- Required action: Repeat the records below word for word and omit each image.

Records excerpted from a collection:
== Segment start ==

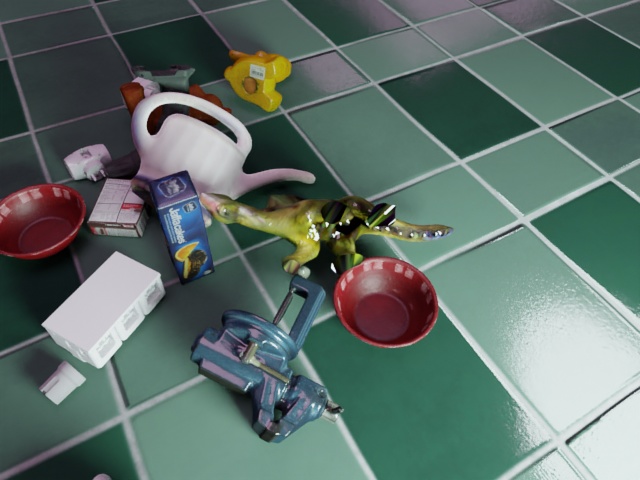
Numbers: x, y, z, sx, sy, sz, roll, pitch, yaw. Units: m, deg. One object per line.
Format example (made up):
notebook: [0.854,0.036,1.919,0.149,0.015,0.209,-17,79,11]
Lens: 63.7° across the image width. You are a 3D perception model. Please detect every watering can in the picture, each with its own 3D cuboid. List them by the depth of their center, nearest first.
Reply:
watering can: [-0.186,-0.122,0.932,0.345,0.103,0.227,29,73,-17]

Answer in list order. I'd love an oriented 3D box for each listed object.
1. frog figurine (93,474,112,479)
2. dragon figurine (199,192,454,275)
frog figurine: [-0.229,0.346,0.575,0.159,0.121,0.140,1,48,48]
dragon figurine: [0.003,-0.044,0.866,0.411,0.120,0.246,1,21,-32]
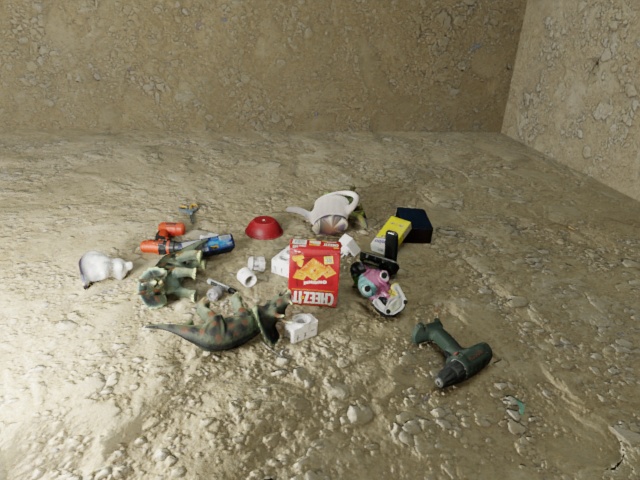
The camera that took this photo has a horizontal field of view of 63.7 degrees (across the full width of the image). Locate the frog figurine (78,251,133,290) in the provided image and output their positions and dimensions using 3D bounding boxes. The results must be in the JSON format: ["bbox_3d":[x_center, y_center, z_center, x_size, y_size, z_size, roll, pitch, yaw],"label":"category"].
[{"bbox_3d":[-0.713,0.087,1.720,0.160,0.122,0.138,-16,10,-14],"label":"frog figurine"}]

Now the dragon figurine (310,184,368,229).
[{"bbox_3d":[0.078,-0.135,2.341,0.242,0.120,0.419,-14,28,4],"label":"dragon figurine"}]

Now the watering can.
[{"bbox_3d":[0.007,-0.112,2.218,0.346,0.102,0.230,-14,41,17],"label":"watering can"}]
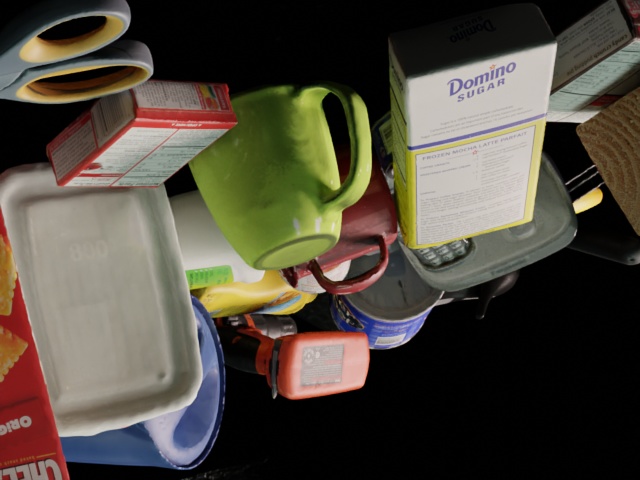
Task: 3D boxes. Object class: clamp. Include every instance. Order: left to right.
[{"bbox_3d":[0.197,-0.018,0.945,0.210,0.164,0.036,-16,124,23],"label":"clamp"}]

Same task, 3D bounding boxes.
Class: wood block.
[{"bbox_3d":[0.288,-0.085,0.757,0.205,0.090,0.091,-23,171,-42],"label":"wood block"}]

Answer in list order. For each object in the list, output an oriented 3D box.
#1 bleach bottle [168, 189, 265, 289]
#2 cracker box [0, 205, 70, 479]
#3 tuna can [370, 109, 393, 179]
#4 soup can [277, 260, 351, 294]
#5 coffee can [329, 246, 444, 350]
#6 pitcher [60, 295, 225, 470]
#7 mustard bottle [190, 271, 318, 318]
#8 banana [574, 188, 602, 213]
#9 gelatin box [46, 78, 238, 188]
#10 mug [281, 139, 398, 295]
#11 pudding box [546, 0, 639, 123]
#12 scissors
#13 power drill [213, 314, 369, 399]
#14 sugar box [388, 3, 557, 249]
[{"bbox_3d":[-0.167,0.018,0.761,0.250,0.068,0.102,-12,167,-9],"label":"bleach bottle"},{"bbox_3d":[-0.224,0.073,0.597,0.071,0.214,0.164,-4,160,-41],"label":"cracker box"},{"bbox_3d":[0.081,-0.074,0.760,0.086,0.034,0.086,-16,165,-5],"label":"tuna can"},{"bbox_3d":[-0.006,0.001,0.866,0.068,0.068,0.102,-16,165,-5],"label":"soup can"},{"bbox_3d":[0.062,0.041,1.016,0.102,0.103,0.140,-16,165,-7],"label":"coffee can"},{"bbox_3d":[-0.203,0.115,0.860,0.243,0.145,0.149,-4,138,21],"label":"pitcher"},{"bbox_3d":[-0.064,0.040,0.953,0.096,0.058,0.191,-25,164,40],"label":"mustard bottle"},{"bbox_3d":[0.186,-0.025,1.051,0.198,0.037,0.069,-18,172,2],"label":"banana"},{"bbox_3d":[-0.103,-0.061,0.614,0.073,0.030,0.089,-4,160,-45],"label":"gelatin box"},{"bbox_3d":[0.008,-0.014,0.749,0.081,0.117,0.093,-20,146,-9],"label":"mug"},{"bbox_3d":[0.186,-0.119,0.714,0.089,0.039,0.114,-4,158,-41],"label":"pudding box"},{"bbox_3d":[-0.172,-0.080,0.496,0.201,0.016,0.096,-11,162,-24],"label":"scissors"},{"bbox_3d":[-0.046,0.100,0.994,0.184,0.057,0.188,-2,-175,-45],"label":"power drill"},{"bbox_3d":[0.094,-0.068,0.682,0.093,0.048,0.176,-14,143,-5],"label":"sugar box"}]
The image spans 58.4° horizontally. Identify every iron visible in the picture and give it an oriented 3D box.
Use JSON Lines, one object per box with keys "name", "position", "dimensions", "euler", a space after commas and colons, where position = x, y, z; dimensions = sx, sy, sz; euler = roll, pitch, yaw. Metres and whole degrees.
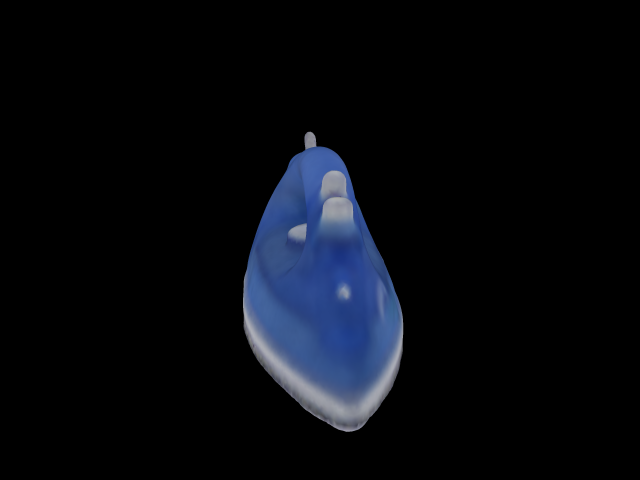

== Segment end ==

- Task output:
Numbers: x, y, z, sx, sy, sz, roll, pitch, yaw. Units: m, deg. One object per line.
Format example (made up):
notebook: [0.854,0.036,1.919,0.149,0.015,0.209,-17,79,11]
Lens: 63.7° across the image width. You are a 3D perception model. Please detect every watering can in the picture, each with its own 3D cuboid. List them by the depth of their center, nearest first.
Reply:
watering can: [-0.186,-0.122,0.932,0.345,0.103,0.227,29,73,-17]

Answer in list order. I'd love an oriented 3D box for each listed object.
1. frog figurine (93,474,112,479)
2. dragon figurine (199,192,454,275)
frog figurine: [-0.229,0.346,0.575,0.159,0.121,0.140,1,48,48]
dragon figurine: [0.003,-0.044,0.866,0.411,0.120,0.246,1,21,-32]
The camera that took this photo has a horizontal field of view of 63.7 degrees (across the full width of the image). Locate the frog figurine (78,251,133,290) in the provided image and output their positions and dimensions using 3D bounding boxes. The results must be in the JSON format: ["bbox_3d":[x_center, y_center, z_center, x_size, y_size, z_size, roll, pitch, yaw],"label":"category"].
[{"bbox_3d":[-0.713,0.087,1.720,0.160,0.122,0.138,-16,10,-14],"label":"frog figurine"}]

Now the dragon figurine (310,184,368,229).
[{"bbox_3d":[0.078,-0.135,2.341,0.242,0.120,0.419,-14,28,4],"label":"dragon figurine"}]

Now the watering can.
[{"bbox_3d":[0.007,-0.112,2.218,0.346,0.102,0.230,-14,41,17],"label":"watering can"}]
Task: 3D boxes. Object class: clamp. Include every instance. Order: left to right.
[{"bbox_3d":[0.197,-0.018,0.945,0.210,0.164,0.036,-16,124,23],"label":"clamp"}]

Same task, 3D bounding boxes.
Class: wood block.
[{"bbox_3d":[0.288,-0.085,0.757,0.205,0.090,0.091,-23,171,-42],"label":"wood block"}]

Answer in list order. For each object in the list, output an oriented 3D box.
#1 bleach bottle [168, 189, 265, 289]
#2 cracker box [0, 205, 70, 479]
#3 tuna can [370, 109, 393, 179]
#4 soup can [277, 260, 351, 294]
#5 coffee can [329, 246, 444, 350]
#6 pitcher [60, 295, 225, 470]
#7 mustard bottle [190, 271, 318, 318]
#8 banana [574, 188, 602, 213]
#9 gelatin box [46, 78, 238, 188]
#10 mug [281, 139, 398, 295]
#11 pudding box [546, 0, 639, 123]
#12 scissors
#13 power drill [213, 314, 369, 399]
#14 sugar box [388, 3, 557, 249]
[{"bbox_3d":[-0.167,0.018,0.761,0.250,0.068,0.102,-12,167,-9],"label":"bleach bottle"},{"bbox_3d":[-0.224,0.073,0.597,0.071,0.214,0.164,-4,160,-41],"label":"cracker box"},{"bbox_3d":[0.081,-0.074,0.760,0.086,0.034,0.086,-16,165,-5],"label":"tuna can"},{"bbox_3d":[-0.006,0.001,0.866,0.068,0.068,0.102,-16,165,-5],"label":"soup can"},{"bbox_3d":[0.062,0.041,1.016,0.102,0.103,0.140,-16,165,-7],"label":"coffee can"},{"bbox_3d":[-0.203,0.115,0.860,0.243,0.145,0.149,-4,138,21],"label":"pitcher"},{"bbox_3d":[-0.064,0.040,0.953,0.096,0.058,0.191,-25,164,40],"label":"mustard bottle"},{"bbox_3d":[0.186,-0.025,1.051,0.198,0.037,0.069,-18,172,2],"label":"banana"},{"bbox_3d":[-0.103,-0.061,0.614,0.073,0.030,0.089,-4,160,-45],"label":"gelatin box"},{"bbox_3d":[0.008,-0.014,0.749,0.081,0.117,0.093,-20,146,-9],"label":"mug"},{"bbox_3d":[0.186,-0.119,0.714,0.089,0.039,0.114,-4,158,-41],"label":"pudding box"},{"bbox_3d":[-0.172,-0.080,0.496,0.201,0.016,0.096,-11,162,-24],"label":"scissors"},{"bbox_3d":[-0.046,0.100,0.994,0.184,0.057,0.188,-2,-175,-45],"label":"power drill"},{"bbox_3d":[0.094,-0.068,0.682,0.093,0.048,0.176,-14,143,-5],"label":"sugar box"}]
The image spans 58.4° horizontally. Identify every iron visible in the picture and give it an oriented 3D box.
Use JSON Lines, one object per box with keys "name", "position", "dimensions", "euler", a space after commas and colons, where position = x, y, z; dimensions = sx, sy, sz; euler = roll, pitch, yaw. Metres and whole degrees.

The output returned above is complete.